And that’s a point made by David M. Raup in Extinction: Bad Genes or Bad Luck? ** The neighborhood continues with different occupants. I can think of my own childhood neighborhood; all the original occupants are now gone, moved or passed away, replaced by different occupants. You can say that mammals generally took over the neighborhood from the dinosaurs in the same manner and that our species has moved into the Neanderthals’ neighborhoods.
Species occupying the same neighborhood at different times—and maybe, because the Denisovans seemed to have intermixed with the Neanderthals at the same time—makes me think of how different ideas seem to occupy the same brain. The cave of the skull isn’t a home for a single idea-species. And there’s a reason: No one has yet discovered a philosophy that answers all our questions with finality. In addition, most of our ideas are tinged with emotion and assumption. Go ahead: Convince me that you hold the same ideas in the same way you held them in your younger days.

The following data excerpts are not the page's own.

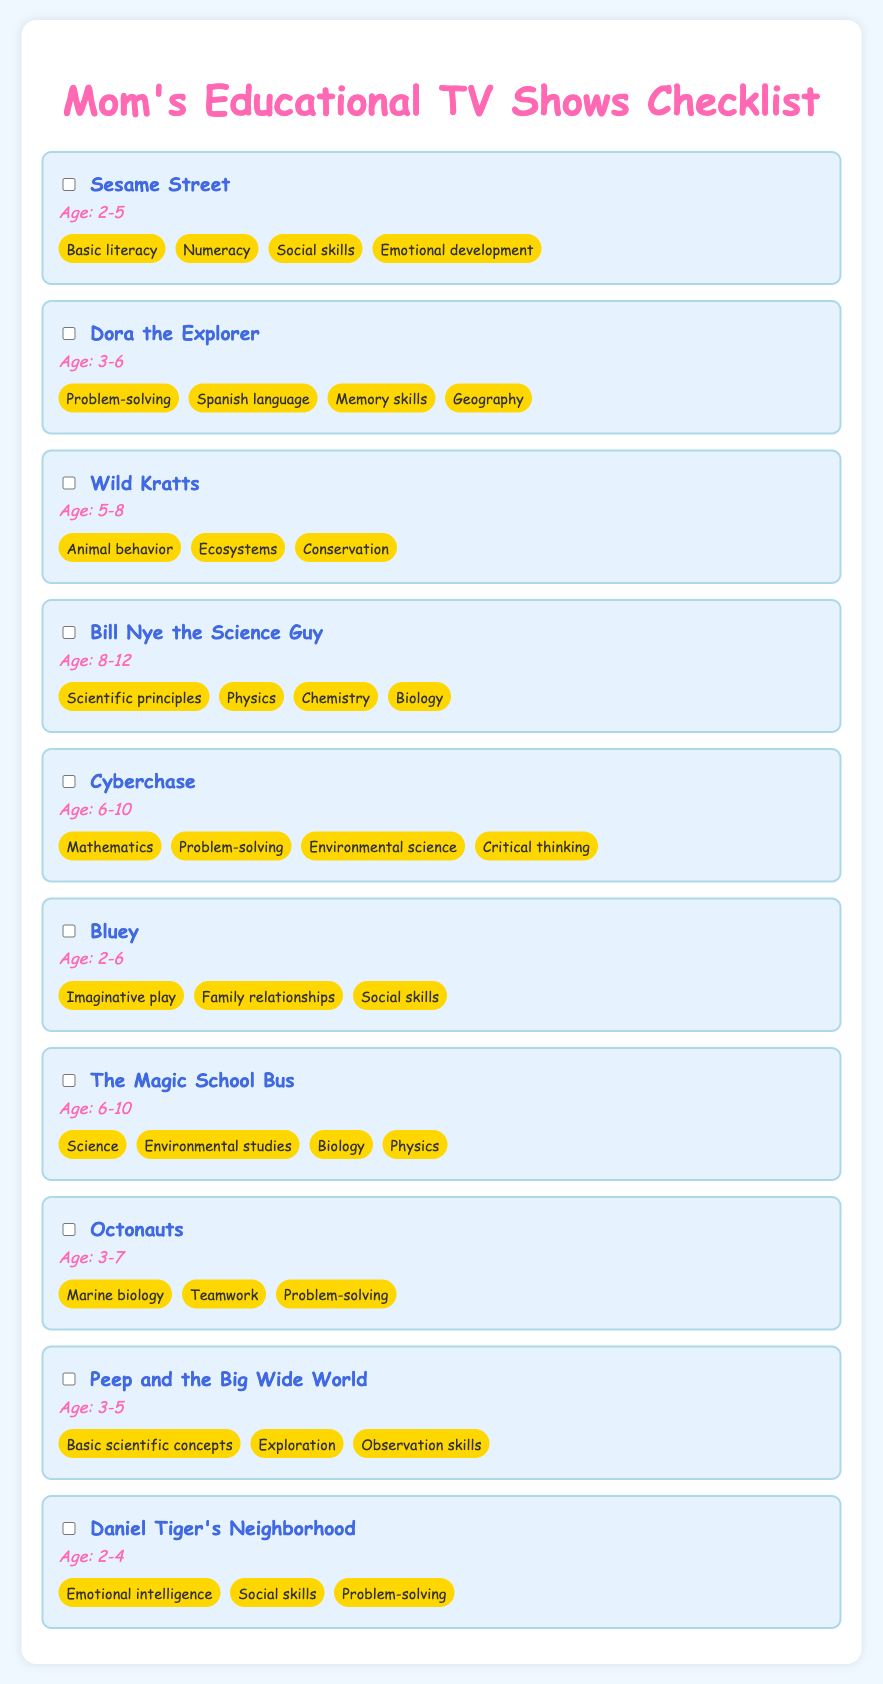What is the age recommendation for Sesame Street? The age recommendation for Sesame Street is specified in the document and is listed as Age: 2-5.
Answer: Age: 2-5 Which show focuses on animal behavior? The learning focus for Wild Kratts includes animal behavior, as stated within its details in the document.
Answer: Animal behavior How many shows are recommended for ages 6-10? By counting the shows listed with age recommendations targeting ages 6-10, there are two shows: Cyberchase and The Magic School Bus.
Answer: 2 What learning focus does Bluey have? Bluey has multiple learning focuses including imaginative play, family relationships, and social skills as mentioned in the document.
Answer: Imaginative play, family relationships, social skills What is the age recommendation for Daniel Tiger's Neighborhood? The document specifies the age recommendation for Daniel Tiger's Neighborhood as Age: 2-4.
Answer: Age: 2-4 Which show teaches Spanish language skills? Dora the Explorer is the show that includes Spanish language skills among its learning focuses as stated in the document.
Answer: Dora the Explorer How many educational TV shows are listed in total? The total number of educational TV shows mentioned in the document is counted to be ten.
Answer: 10 What are the main scientific subjects covered by Bill Nye the Science Guy? The main scientific subjects are listed as scientific principles, physics, chemistry, and biology for Bill Nye the Science Guy.
Answer: Scientific principles, physics, chemistry, biology What is the learning focus of Peep and the Big Wide World? The learning focus for Peep and the Big Wide World includes basic scientific concepts, exploration, and observation skills according to the document.
Answer: Basic scientific concepts, exploration, observation skills

Ideas keep moving into and out of our brains as we find their weaknesses in contradictions and incompleteness, discover other ideas, or merely abandon on a whim what we once held to be true. The occupants of the brain’s neighborhood change. The houses—or the caves or rock shelters—appear to be the same, but inside the occupants differ from those who first built and occupied them.

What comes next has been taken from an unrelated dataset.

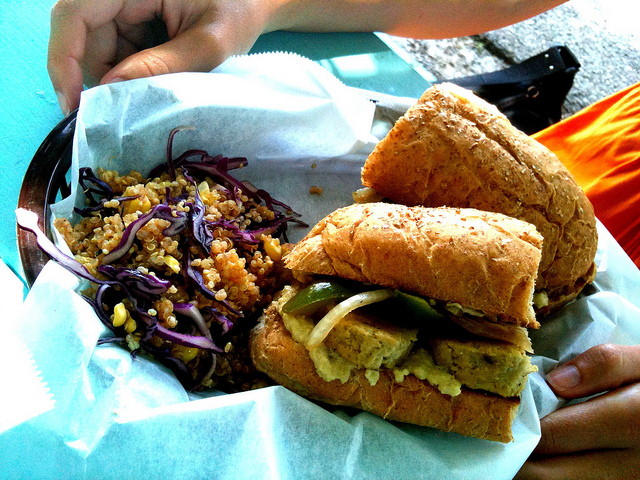What type of occasion would this meal be suitable for? This meal appears to be a lovely choice for a casual lunch or a light dinner, especially if someone is looking for a flavorful yet nutritious option. It would be well-suited for a picnic, as it appears easy to pack, or a quick grab-and-go meal during a busy day. The balance of vegetables and grains hints at a mindful choice, making it appropriate for health-conscious individuals or those who enjoy plant-based cuisine. 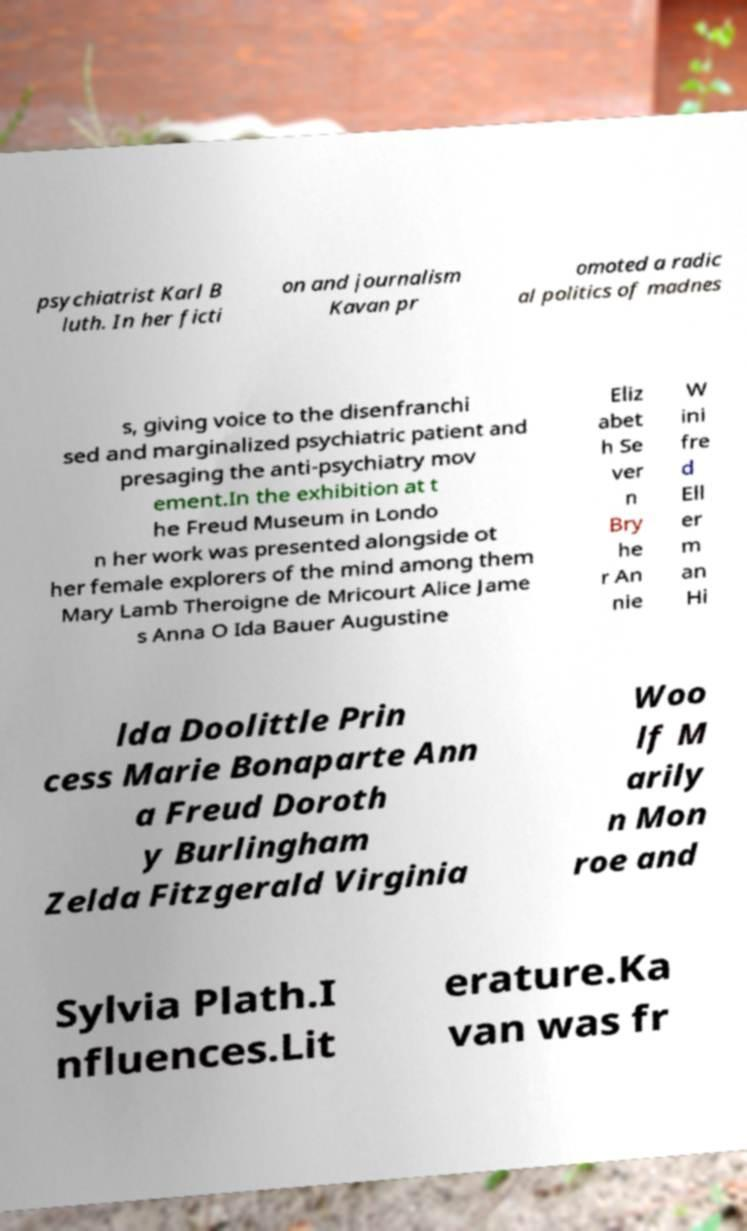Could you assist in decoding the text presented in this image and type it out clearly? psychiatrist Karl B luth. In her ficti on and journalism Kavan pr omoted a radic al politics of madnes s, giving voice to the disenfranchi sed and marginalized psychiatric patient and presaging the anti-psychiatry mov ement.In the exhibition at t he Freud Museum in Londo n her work was presented alongside ot her female explorers of the mind among them Mary Lamb Theroigne de Mricourt Alice Jame s Anna O Ida Bauer Augustine Eliz abet h Se ver n Bry he r An nie W ini fre d Ell er m an Hi lda Doolittle Prin cess Marie Bonaparte Ann a Freud Doroth y Burlingham Zelda Fitzgerald Virginia Woo lf M arily n Mon roe and Sylvia Plath.I nfluences.Lit erature.Ka van was fr

Do some archaeological digging in that Cave of the Skull you carry around, that portable neighborhood. Do you see evidence for multiple occupations and for cross-breeding among idea-species?
* SCINEWS, Denisovans and Neanderthals Lived in Denisova Cave for Thousands of Years. 31 Jan 2019. Online at http://www.sci-news.com/archaeology/denisovans-neanderthals-denisova-cave-06864.html
See also: Zenobia Jacobs et al. 2019. Timing of archaic hominin occupation of Denisova Cave in southern Siberia. Nature 565: 594-599; doi: 10.1038/s41586-018-0843-2
Katerina Douka et al. 2019. Age estimates for hominin fossils and the onset of the Upper Palaeolithic at Denisova Cave. Nature 565: 640-644; doi: 10.1038/s41586-018-0870-z
**W. W. Norton & Company, New York, 1991.